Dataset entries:
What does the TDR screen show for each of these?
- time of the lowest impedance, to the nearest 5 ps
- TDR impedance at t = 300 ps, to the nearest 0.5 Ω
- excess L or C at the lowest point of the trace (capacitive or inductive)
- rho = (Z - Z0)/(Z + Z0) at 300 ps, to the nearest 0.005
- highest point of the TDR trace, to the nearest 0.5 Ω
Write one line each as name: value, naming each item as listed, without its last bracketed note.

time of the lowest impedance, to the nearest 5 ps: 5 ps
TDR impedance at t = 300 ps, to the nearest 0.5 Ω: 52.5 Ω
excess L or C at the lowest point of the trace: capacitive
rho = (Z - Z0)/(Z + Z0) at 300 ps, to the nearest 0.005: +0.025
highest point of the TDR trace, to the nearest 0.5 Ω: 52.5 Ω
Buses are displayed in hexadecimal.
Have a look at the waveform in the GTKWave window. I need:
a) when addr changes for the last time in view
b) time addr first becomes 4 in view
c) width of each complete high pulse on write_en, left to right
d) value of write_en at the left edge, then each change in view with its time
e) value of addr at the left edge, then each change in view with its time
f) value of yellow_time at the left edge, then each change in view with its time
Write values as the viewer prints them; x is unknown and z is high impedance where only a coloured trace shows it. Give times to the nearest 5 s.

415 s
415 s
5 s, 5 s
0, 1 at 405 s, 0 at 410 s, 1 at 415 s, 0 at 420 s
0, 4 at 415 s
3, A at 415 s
* * *
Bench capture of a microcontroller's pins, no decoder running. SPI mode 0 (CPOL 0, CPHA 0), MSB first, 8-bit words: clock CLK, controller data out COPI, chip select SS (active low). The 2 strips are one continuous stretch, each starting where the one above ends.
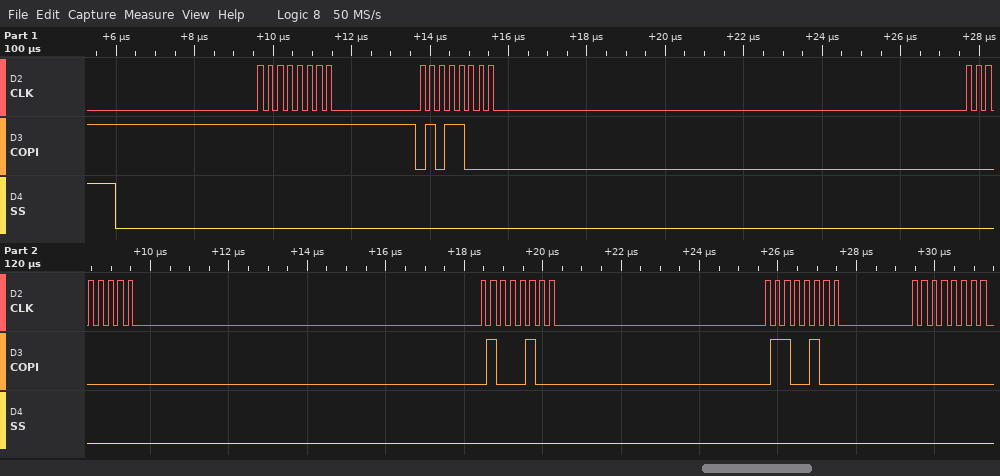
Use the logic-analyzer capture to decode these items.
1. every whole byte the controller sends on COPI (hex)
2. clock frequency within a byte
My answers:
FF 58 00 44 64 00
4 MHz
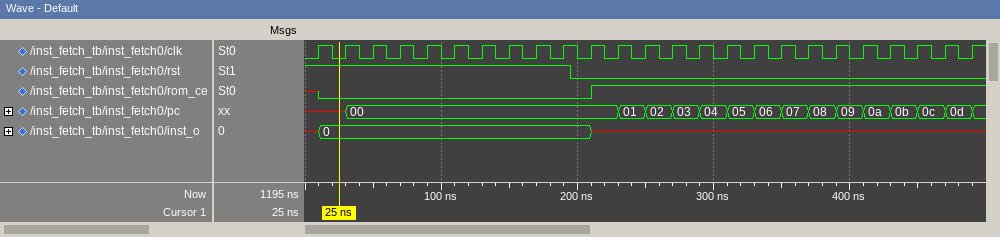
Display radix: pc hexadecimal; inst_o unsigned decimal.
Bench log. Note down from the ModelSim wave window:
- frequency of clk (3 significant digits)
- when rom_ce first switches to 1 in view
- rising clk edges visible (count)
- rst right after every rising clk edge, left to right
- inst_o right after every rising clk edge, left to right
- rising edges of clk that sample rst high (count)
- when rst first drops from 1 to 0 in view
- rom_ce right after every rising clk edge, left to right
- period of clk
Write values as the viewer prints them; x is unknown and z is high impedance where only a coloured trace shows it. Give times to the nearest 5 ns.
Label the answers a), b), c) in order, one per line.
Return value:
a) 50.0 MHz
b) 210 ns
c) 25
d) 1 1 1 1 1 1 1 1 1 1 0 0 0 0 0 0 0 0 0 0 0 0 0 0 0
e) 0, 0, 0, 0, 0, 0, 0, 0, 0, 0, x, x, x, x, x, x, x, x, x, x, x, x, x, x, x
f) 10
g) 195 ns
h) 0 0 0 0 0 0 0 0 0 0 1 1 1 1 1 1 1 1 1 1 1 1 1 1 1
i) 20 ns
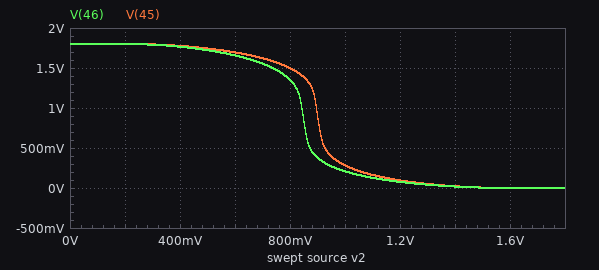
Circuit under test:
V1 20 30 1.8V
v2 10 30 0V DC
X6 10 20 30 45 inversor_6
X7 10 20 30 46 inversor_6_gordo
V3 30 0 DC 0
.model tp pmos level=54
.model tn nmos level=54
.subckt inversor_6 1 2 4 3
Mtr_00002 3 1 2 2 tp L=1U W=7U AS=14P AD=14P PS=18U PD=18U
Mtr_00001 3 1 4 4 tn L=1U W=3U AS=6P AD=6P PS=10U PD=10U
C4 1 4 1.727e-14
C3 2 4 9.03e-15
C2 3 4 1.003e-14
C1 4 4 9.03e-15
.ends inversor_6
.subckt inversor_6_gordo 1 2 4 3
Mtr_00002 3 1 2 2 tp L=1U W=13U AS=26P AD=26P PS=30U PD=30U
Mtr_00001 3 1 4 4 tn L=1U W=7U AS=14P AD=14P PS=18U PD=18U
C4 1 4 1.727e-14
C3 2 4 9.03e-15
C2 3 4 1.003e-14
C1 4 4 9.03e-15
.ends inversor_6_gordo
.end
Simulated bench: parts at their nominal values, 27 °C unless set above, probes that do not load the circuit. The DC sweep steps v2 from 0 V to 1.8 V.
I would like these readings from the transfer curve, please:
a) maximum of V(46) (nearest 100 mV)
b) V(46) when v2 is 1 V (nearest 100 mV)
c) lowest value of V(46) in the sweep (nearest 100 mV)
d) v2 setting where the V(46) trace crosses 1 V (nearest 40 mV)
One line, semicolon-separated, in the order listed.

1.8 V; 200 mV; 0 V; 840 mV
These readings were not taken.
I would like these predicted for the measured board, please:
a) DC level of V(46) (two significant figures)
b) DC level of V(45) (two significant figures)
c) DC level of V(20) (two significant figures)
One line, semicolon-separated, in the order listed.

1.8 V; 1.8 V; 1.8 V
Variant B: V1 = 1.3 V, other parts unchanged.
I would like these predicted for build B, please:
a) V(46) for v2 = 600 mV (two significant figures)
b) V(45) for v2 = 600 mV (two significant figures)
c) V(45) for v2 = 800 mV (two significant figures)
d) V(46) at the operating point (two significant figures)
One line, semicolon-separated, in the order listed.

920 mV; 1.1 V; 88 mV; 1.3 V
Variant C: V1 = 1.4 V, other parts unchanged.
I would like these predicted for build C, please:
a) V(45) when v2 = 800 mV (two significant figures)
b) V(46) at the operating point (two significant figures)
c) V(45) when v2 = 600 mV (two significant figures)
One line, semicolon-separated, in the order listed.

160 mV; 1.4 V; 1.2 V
==
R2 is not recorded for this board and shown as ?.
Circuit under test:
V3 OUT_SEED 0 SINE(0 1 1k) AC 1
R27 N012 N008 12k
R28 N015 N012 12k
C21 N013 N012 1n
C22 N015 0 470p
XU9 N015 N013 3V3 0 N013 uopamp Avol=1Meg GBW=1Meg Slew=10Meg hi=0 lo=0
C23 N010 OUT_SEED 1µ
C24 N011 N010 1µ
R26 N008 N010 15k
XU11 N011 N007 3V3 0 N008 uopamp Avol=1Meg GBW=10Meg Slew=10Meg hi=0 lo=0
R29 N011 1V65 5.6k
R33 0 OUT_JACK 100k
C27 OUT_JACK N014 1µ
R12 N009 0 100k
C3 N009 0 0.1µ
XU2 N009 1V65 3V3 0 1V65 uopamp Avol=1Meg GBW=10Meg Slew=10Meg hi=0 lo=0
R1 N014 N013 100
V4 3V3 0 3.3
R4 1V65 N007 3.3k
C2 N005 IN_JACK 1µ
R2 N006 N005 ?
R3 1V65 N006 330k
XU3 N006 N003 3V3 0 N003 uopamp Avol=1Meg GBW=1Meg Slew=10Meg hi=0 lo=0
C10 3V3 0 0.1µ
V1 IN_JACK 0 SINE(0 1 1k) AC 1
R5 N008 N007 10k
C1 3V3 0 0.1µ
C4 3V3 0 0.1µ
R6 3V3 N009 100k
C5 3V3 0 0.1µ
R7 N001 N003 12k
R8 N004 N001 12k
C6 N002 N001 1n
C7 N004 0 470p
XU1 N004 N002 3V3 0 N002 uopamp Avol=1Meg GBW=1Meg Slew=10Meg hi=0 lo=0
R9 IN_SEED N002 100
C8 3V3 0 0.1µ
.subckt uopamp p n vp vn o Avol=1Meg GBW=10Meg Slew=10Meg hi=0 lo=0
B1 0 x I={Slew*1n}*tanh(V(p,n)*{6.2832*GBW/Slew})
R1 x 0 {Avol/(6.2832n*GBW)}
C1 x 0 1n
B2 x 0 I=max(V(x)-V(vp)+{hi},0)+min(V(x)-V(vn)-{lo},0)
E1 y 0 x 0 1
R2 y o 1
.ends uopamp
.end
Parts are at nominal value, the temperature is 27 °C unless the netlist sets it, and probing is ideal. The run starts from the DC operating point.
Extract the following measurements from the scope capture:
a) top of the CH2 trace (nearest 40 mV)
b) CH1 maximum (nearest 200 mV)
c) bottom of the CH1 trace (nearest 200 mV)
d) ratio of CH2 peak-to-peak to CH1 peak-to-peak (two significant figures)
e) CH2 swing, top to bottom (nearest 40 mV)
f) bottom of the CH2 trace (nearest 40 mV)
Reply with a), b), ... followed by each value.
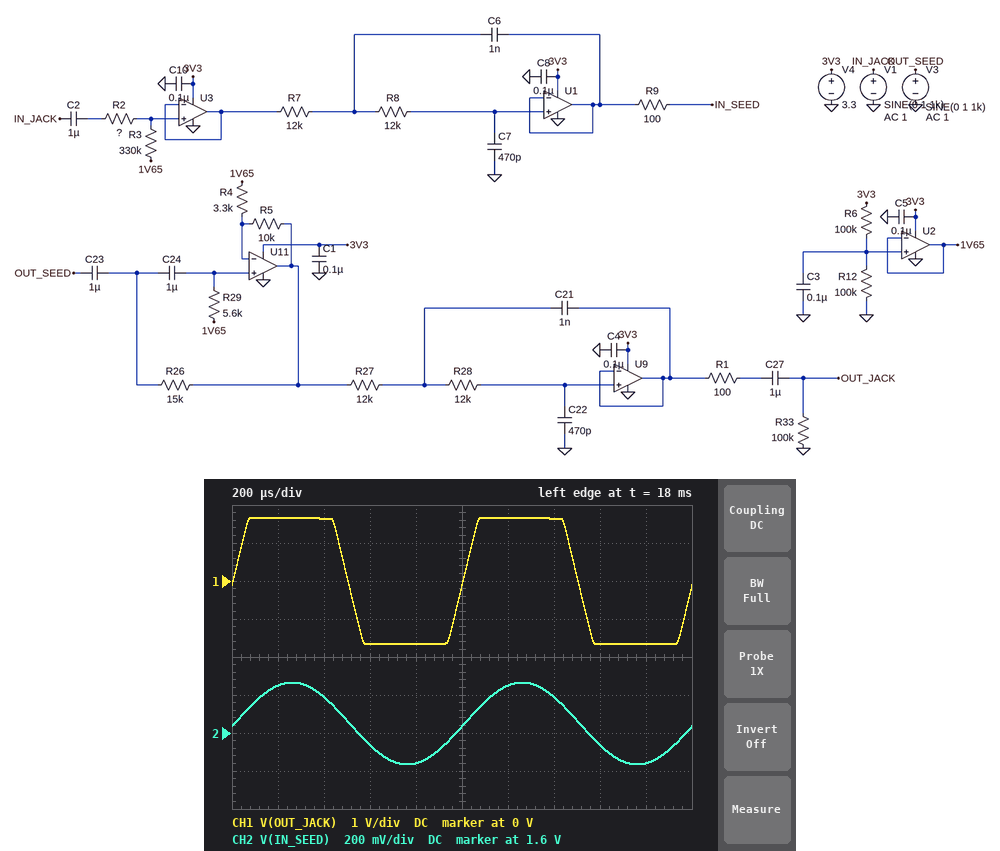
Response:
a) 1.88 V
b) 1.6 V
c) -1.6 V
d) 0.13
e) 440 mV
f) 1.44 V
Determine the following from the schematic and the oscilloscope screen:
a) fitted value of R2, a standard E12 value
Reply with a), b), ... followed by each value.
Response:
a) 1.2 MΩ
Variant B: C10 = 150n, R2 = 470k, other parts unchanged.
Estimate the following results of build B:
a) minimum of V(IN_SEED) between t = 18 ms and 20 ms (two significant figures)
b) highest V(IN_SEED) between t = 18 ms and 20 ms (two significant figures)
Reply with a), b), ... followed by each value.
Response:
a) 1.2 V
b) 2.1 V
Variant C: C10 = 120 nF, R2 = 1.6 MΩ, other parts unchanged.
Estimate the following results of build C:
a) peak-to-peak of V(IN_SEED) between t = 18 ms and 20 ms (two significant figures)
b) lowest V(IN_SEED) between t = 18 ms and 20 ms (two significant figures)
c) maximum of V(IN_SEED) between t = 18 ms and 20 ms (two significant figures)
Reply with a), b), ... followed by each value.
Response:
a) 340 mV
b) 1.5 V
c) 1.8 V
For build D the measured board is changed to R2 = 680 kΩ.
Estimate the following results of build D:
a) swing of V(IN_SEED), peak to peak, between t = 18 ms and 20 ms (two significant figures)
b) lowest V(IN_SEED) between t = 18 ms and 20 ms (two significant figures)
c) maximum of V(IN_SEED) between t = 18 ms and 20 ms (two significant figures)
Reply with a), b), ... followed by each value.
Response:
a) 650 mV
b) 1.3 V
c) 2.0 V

→ TASK INSTRUCTIONS
Copy out, exactly and alone, the lines of the entries above between the ones holding "d) value of" and "f) value of", inclusive.

→ THE COMPLETED TASK
d) value of write_en at the left edge, then each change in view with its time
e) value of addr at the left edge, then each change in view with its time
f) value of yellow_time at the left edge, then each change in view with its time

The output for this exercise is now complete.